EXTRACTED MATERIAL:
* * * * * * * * *
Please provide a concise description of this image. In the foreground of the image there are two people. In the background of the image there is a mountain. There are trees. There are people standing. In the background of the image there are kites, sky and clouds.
* * * * * * * * *
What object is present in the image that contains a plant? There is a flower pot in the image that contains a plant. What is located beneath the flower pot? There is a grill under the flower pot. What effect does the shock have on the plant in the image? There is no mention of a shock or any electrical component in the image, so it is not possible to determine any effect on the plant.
* * * * * * * * *
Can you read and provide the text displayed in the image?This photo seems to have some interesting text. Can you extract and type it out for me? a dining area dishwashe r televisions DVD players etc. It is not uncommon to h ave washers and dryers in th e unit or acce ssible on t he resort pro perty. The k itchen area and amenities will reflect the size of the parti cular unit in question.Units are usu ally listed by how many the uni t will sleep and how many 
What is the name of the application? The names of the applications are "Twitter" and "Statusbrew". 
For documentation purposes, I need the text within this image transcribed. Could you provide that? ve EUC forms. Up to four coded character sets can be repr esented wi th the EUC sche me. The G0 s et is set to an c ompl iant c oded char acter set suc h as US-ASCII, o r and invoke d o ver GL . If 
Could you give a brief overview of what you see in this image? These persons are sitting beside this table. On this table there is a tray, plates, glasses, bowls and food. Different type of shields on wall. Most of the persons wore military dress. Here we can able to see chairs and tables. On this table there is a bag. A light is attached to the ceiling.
* * * * * * * * *
Search the records above for the string "Could" and copy each line that holds it.

EXPECTED OUTPUT:
For documentation purposes, I need the text within this image transcribed. Could you provide that? ve EUC forms. Up to four coded character sets can be repr esented wi th the EUC sche me. The G0 s et is set to an c ompl iant c oded char acter set suc h as US-ASCII, o r and invoke d o ver GL . If 
Could you give a brief overview of what you see in this image? These persons are sitting beside this table. On this table there is a tray, plates, glasses, bowls and food. Different type of shields on wall. Most of the persons wore military dress. Here we can able to see chairs and tables. On this table there is a bag. A light is attached to the ceiling.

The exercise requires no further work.